# Painting Horns ?



## jordan_darko (Mar 26, 2008)

hey all wa wondering if you could help me painting horns, im starting fantasy after a long while playing 40k, and am going to use the grimgors ardboyz list, anyways i noticed that the black orcs had lots of horns on them, anyone have a good way of painting horns and post up some pictures (im very picky about using painting methods when i havent seen what they turn out like ) hope to see some replies rep will given to the person who suggests the one i use many thanks in advance JD.


----------



## Damned Fist (Nov 2, 2007)

Here is a peek at an ork that I am currently working on. Is this what you have in mind???


----------



## jordan_darko (Mar 26, 2008)

thats exactly what ive got in mind, would you mind telling me how you did it ? JD


----------



## Death 0F Angels (Feb 27, 2008)

those horns are soooooooo pretay. Id like to see how it looks inverted though. Like they burnt the ends to get the flesh off.


----------



## CommissarHorn (Apr 14, 2008)

Painting Horns?

I mean really.


----------



## MandyLanthier (May 8, 2008)

Very Nice job!


----------



## jordan_darko (Mar 26, 2008)

yes commissar horn, painting horns some of us dont like to put a single coat of bleached bone and call it a horn


----------



## Damned Fist (Nov 2, 2007)

It's a busy weekend..., I'll get back to you some time this week.:victory:


----------



## Usaal (Apr 9, 2008)

*Bump*

I am looking at getting some horn painting in the near futiure, was wondering if anyone had any pointers for that.


----------



## Red Orc (Jun 14, 2007)

There are threads discussing horns here and here. There's even one with plenty of pictures here.

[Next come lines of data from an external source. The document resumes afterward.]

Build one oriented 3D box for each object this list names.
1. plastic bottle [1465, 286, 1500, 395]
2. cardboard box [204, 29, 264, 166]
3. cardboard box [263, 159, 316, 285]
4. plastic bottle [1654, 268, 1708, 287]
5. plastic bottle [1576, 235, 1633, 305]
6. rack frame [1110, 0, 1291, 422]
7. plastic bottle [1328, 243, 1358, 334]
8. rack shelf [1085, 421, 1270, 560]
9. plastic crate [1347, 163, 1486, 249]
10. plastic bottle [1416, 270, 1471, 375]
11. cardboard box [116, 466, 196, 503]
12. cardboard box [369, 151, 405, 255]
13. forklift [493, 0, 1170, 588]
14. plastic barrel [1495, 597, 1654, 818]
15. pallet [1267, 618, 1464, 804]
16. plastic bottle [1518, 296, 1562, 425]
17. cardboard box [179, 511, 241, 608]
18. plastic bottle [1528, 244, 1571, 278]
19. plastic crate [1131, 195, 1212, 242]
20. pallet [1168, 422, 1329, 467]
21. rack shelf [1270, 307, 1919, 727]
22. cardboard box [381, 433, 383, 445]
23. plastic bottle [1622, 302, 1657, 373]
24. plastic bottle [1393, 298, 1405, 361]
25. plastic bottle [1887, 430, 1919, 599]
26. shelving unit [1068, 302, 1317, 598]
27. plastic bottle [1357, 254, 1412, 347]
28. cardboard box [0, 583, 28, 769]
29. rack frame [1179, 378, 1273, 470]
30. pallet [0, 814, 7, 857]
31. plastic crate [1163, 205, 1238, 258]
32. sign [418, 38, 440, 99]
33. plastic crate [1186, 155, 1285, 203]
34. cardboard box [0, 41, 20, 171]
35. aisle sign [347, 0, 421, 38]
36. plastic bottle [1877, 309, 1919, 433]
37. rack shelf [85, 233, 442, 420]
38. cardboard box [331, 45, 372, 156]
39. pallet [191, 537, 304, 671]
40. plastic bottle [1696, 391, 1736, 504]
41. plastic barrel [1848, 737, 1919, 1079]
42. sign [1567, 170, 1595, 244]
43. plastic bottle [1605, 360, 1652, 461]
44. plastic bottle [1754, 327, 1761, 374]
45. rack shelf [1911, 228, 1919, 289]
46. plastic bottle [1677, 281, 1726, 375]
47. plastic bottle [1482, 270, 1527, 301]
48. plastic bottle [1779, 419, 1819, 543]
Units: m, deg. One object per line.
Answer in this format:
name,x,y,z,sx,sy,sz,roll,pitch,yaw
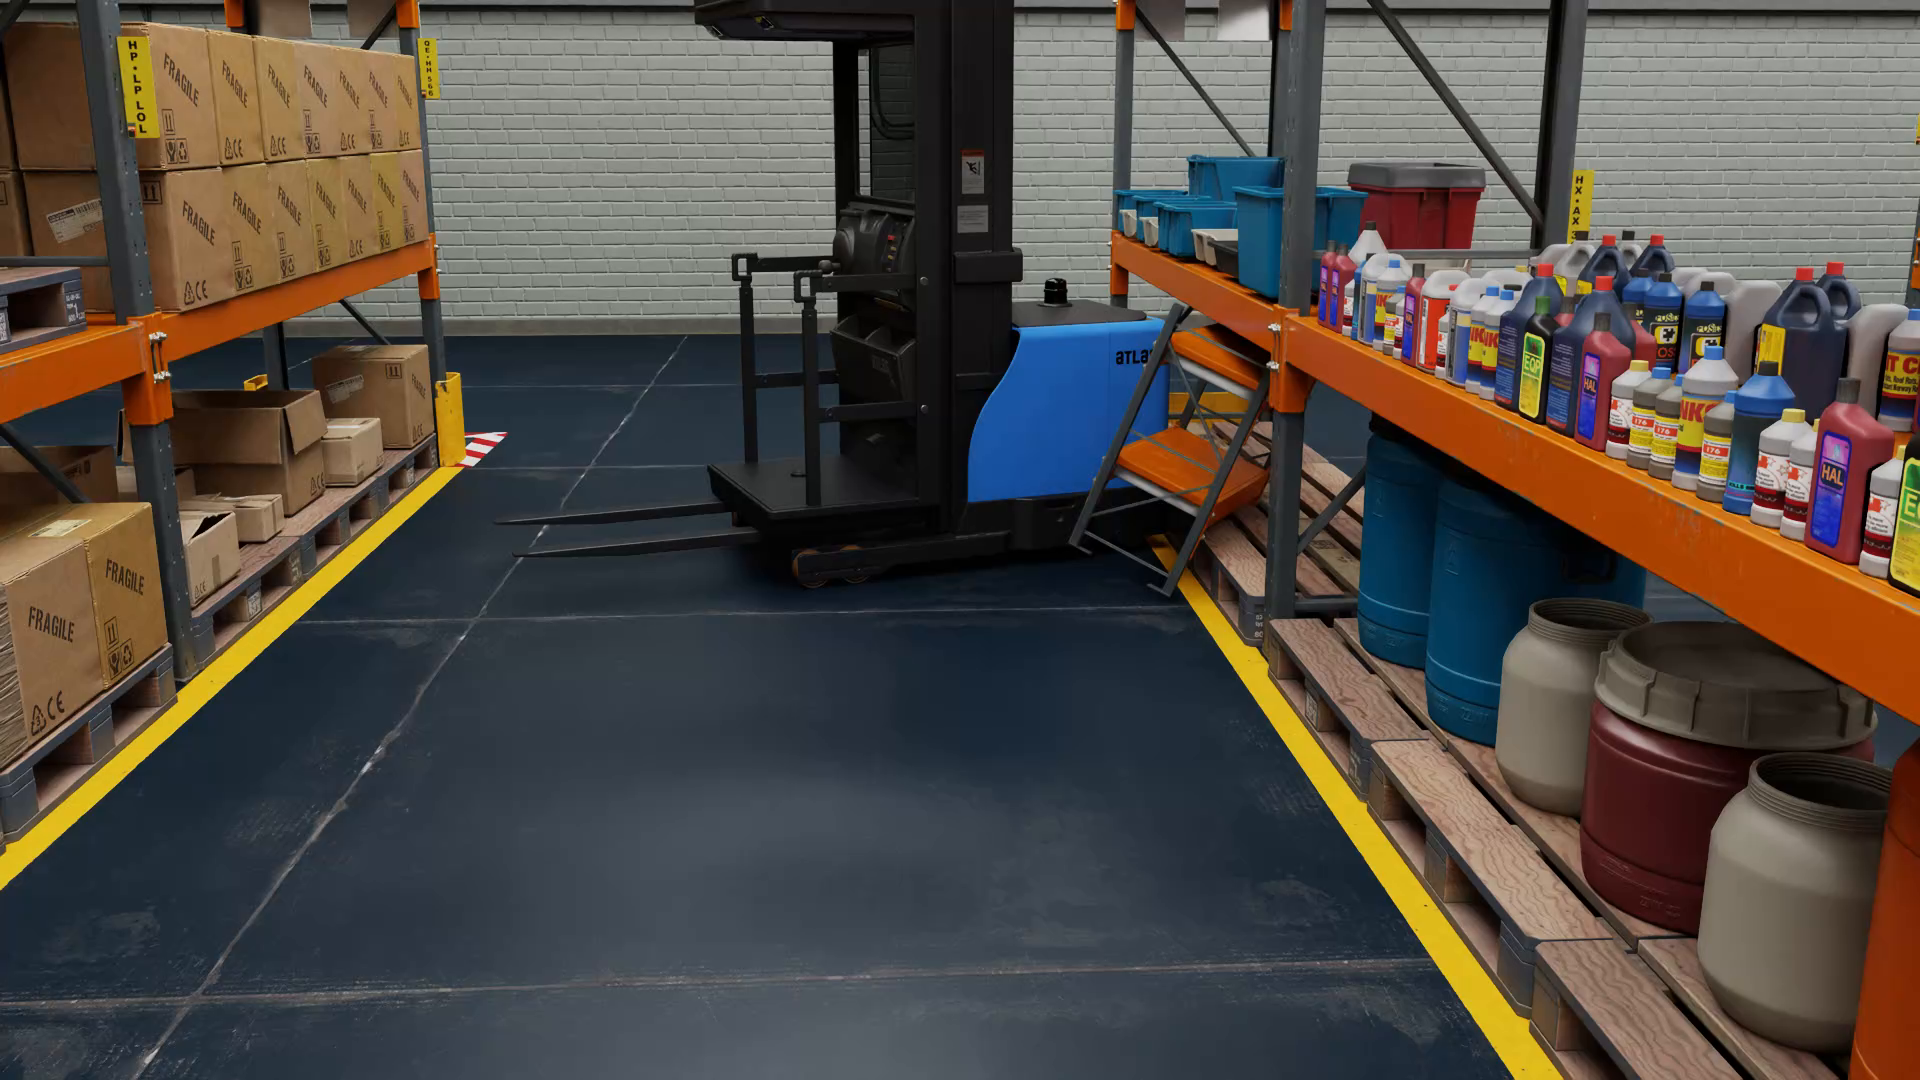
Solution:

Hope they give you enough useful pointers to be getting on with!

:hoping it helps cyclops:


----------



## Usaal (Apr 9, 2008)

Sweet, thanks Red Orc


----------



## hitoriga (Feb 17, 2008)

My friend is working on a chaos army and on his horns he goes with a base of scorched brown and snakebite leather, then a 50/50 of that combo and bleached bone, to bleached bone, to 50/50 bleached bone and skull white, to skull white. Feather that together at the end, and he wetblends the darker colors, and overall looks pretty nice. I'll see what i can do about pictures.


----------